Beate Zschäpe entschuldigte sich auch bei den Opfern des Nationalsozialistischen Untergrunds und deren Angehörigen, betonte aber, sie habe nur eine moralische Mitverantwortung. In ihrer Erklärung bezeichnete sie die Verbrechen als "von Uwe Mundlos und Uwe Böhnhardt begangene Straftaten". Zschäpe sagte: "Ich fühle mich moralisch schuldig, dass ich zehn Morde und zwei Bombenanschläge nicht verhindern konnte."

Erneut Entpflichtung von drei Verteidigern beantragt

Grasel beantragte im Namen seiner Mandantin nach einer Pause zudem erneut die Entpflichtung der drei Zschäpe-Anwälte Wolfgang Heer, Wolfgang Stahl und Anja Sturm. Diese drei Pflichtverteidiger hatten in dem Prozess bisher dafür gesorgt, dass die Hauptangeklagte keine Aussage macht. Grasel sprach im Namen von Zschäpe davon, die Anwälte hätten die Angeklagte blockiert, das Vertrauen sei erschüttert. Es sei Zschäpe nicht möglich gewesen, ihr langes Schweigen im Prozess aus eigener Kraft zu brechen. Grasel war erst im Juli als weiterer Pflichtverteidiger von Zschäpe benannt worden. Nach dem Antrag wurde der Prozesstag beendet. Das Verfahren soll am Dienstag kommender Woche fortgesetzt werden.

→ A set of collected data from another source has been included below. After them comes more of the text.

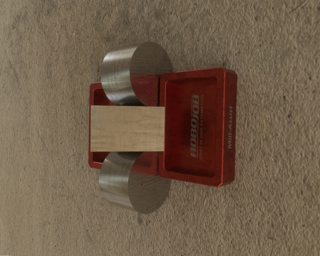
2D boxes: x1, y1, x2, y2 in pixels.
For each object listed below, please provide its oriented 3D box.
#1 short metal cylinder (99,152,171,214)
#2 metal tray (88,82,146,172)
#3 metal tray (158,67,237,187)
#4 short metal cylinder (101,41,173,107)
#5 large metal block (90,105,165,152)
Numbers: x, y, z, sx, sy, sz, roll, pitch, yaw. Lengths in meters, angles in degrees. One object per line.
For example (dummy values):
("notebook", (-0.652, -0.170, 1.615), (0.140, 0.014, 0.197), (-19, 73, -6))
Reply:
("short metal cylinder", (-0.030, 0.064, 0.395), (0.050, 0.081, 0.079), (3, 92, 40))
("metal tray", (-0.065, -0.003, 0.458), (0.090, 0.030, 0.129), (2, 91, 40))
("metal tray", (0.043, -0.002, 0.369), (0.090, 0.030, 0.129), (2, 91, 40))
("short metal cylinder", (-0.027, -0.066, 0.393), (0.050, 0.081, 0.079), (3, 92, 40))
("large metal block", (-0.041, 0.000, 0.378), (0.080, 0.081, 0.050), (-170, 81, -80))

Zschäpe muss sich vor dem Oberlandesgericht München als Mittäterin an sämtlichen Verbrechen verantworten, die dem NSU angelastet werden. Bisher hatte Zschäpe keine Aussage gemacht. Mundlos und Böhnhardt starben 2011 nach einem Banküberfall in Eisenach. Sie brachten sich nach offizieller Darstellung um, nachdem sie in einem Wohnmobil von der Polizei entdeckt worden waren, in dem sich versteckt hatten.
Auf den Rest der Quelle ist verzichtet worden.